Ao contratar nova alta de 0,75 pp na Selic, Copom começa a correr risco de exagerar, diz JGP

Notícias | 06/05/21

Por Felipe Saturnino, Valor — São Paulo

A alta da Selic sem dúvida é necessária no atual momento, mas, ao anunciar nova elevação de 0,75 ponto percentual do juro básico para a reunião de junho, o Banco Central começa a correr o risco de cometer um exagero, diz Fernando Rocha, economista-chefe do JGP. “Acho que, a partir de junho, o Copom vai ter que passar a sinalizar movimentos mais moderados”, afirma ele.

Rocha nota que a inflação no curto prazo deve se manter em alta, em um contexto de preços de commodities ainda em alta.
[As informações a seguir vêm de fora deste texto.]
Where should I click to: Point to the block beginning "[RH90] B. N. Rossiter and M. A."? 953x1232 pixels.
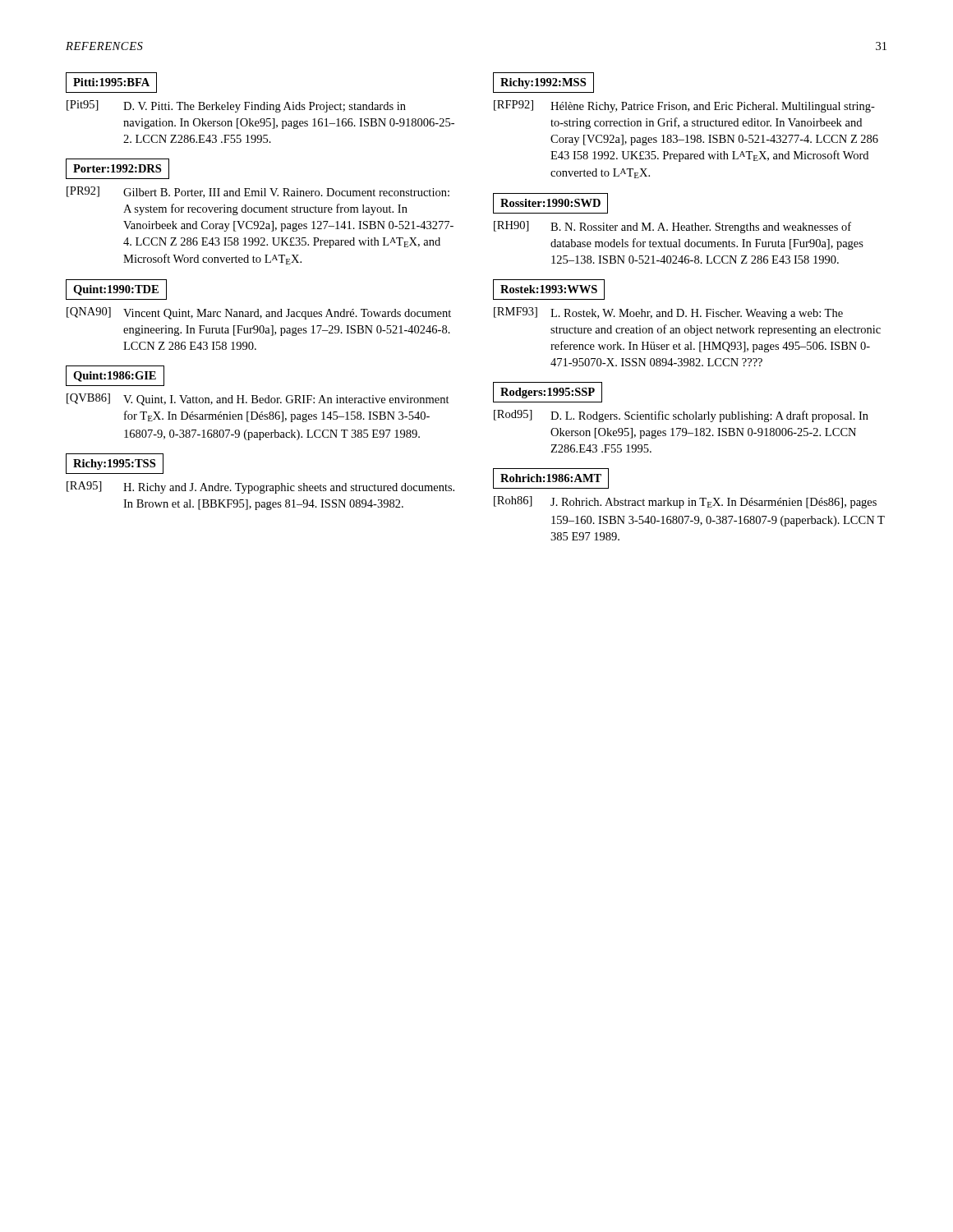[690, 243]
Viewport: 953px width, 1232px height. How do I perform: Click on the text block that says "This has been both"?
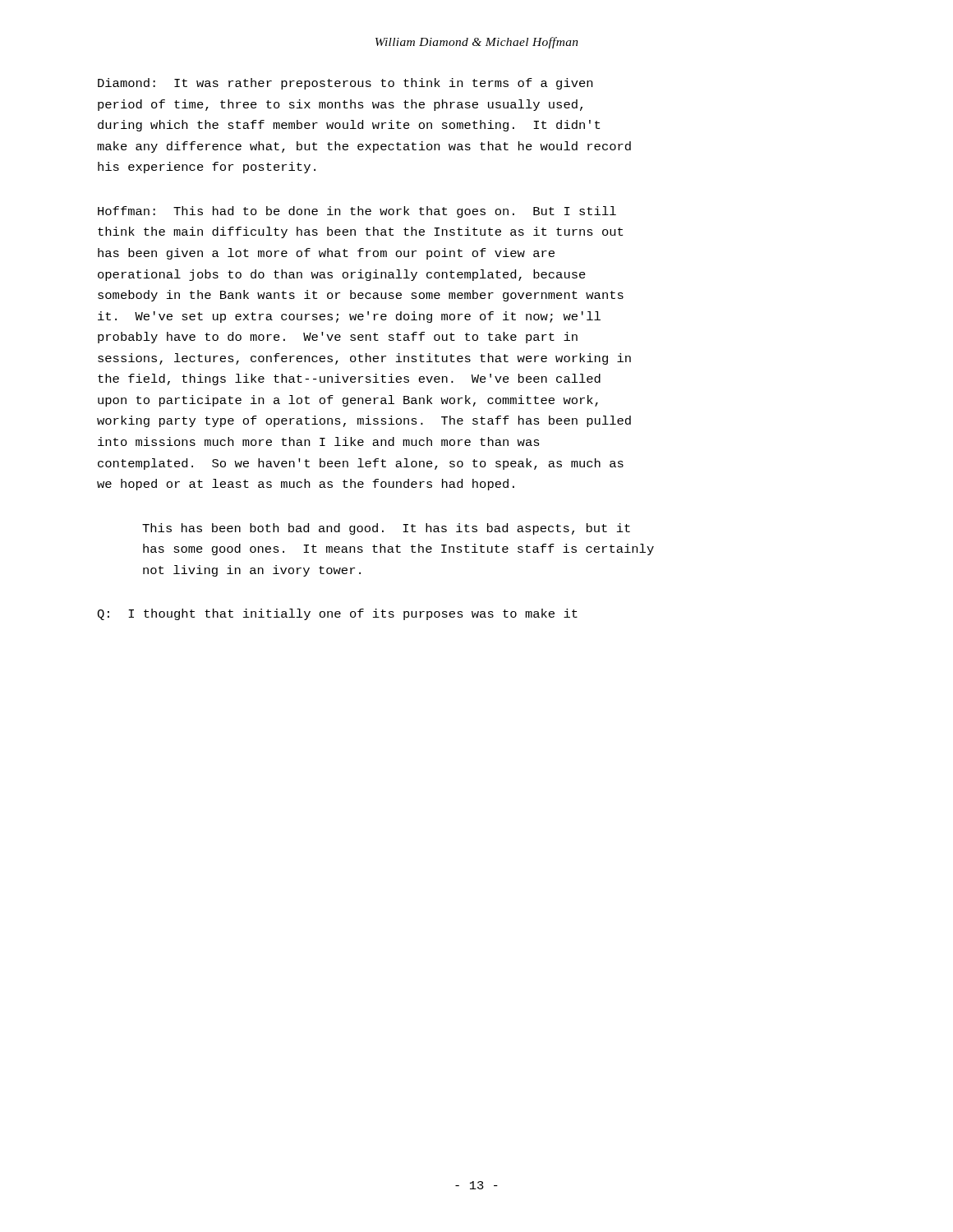pos(398,550)

No entanto, ele avalia que seria mais apropriado observar como os preços da economia reagem à recente alta de 1,5 ponto da Selic nos últimos 90 dias antes de adiantar uma nova elevação do juro básico.

“Sabemos que a política monetária tem um efeito defasado. E sabemos que o ambiente econômico muda muito conforme o tempo passa, de tal forma que as commodities, hoje nos topos históricos, podem, quem sabe ter uma redução no patamar de preço no ano que vem”, pondera ele.

“Penso no seguinte: não seria melhor ir devagar, dar tempo ao tempo, ver como a economia reage a essas altas?”, questiona. “Eu prefiro uma administração assim da política monetária, mais lenta mesmo, porque o sobe e desce gera uma volatilidade macroeconômica negativa: é bom para trader, mas ruim para a economia real.”

“Mas, quando o BC vem com doses seguidas de 0,75 ponto percentual, ele começa a correr o risco de exagerar para o outro lado, de talvez elevar a Selic para um patamar muito alto”, afirma, justificando por que avalia que o Copom vai começar a sinalizar elevações menores do juro básico a partir de junho.

O economista utiliza a metáfora do “fool in the shower” (o tolo no banho), criada pelo Nobel de economia, Milton Friedman. A imagem procura representar a velocidade elevada com que um banco central atua para estimular ou desacelerar uma economia ao cair ou elevar muito rapidamente a taxa básica de juros.

“A situação desse ‘fool in the shower’, que aperta muito o botão para sair água quente, e exagera, e faz o mesmo quando é para sair a água fria, é um risco que o BC começa a correr. Ainda não está no radar agora, mas é algo para se monitorar”, diz ele.

Rocha diz que esperava que o Copom deixaria “a porta aberta” para o movimento de elevação da Selic na próximo reunião do comitê, em junho, já que a inflação está bem comportada, na sua leitura. Ainda assim, sustenta que, pela reação do mercado, a decisão da autoridade monetária foi a correta.

“O fato de o BC já comunicar 0,75 pp de alta ocorreu para soar mais hawkish e conseguir o efeito de hoje no câmbio, enquanto a curva de juros se manteve comportada. Se não fosse hawkish assim, o câmbio não teria esse efeito e a curva podia se inclinar mais”, argumenta ele. “Tudo indica que a decisão foi acertada.”

“Mas, quando você olha a composição da inflação, ela está benigna. Então, em algum momento acho que ele vai reduzir esse ritmo, e por isso temos esse viés de baixa para a Selic”, explica ele. Para 2022, a Selic projetada pela JGP também é de 6%, enquanto a firma espera IPCA de 5,4% em 2021 e de 3,7% em 2022.

Sobre o ajuste parcial, ele afirma que seria “errático” o BC ter retirado a menção já no comunicado de ontem. “Imaginei que ele fosse relativizar de forma semelhante como fez. A princípio, a normalização parcial usada no documento não repercutiu bem, pegou na inflação implícita e no Focus, mas ele ajustou isso de uma forma que não comprometa o objetivo de pôr a inflação na meta ano que vem”, diz.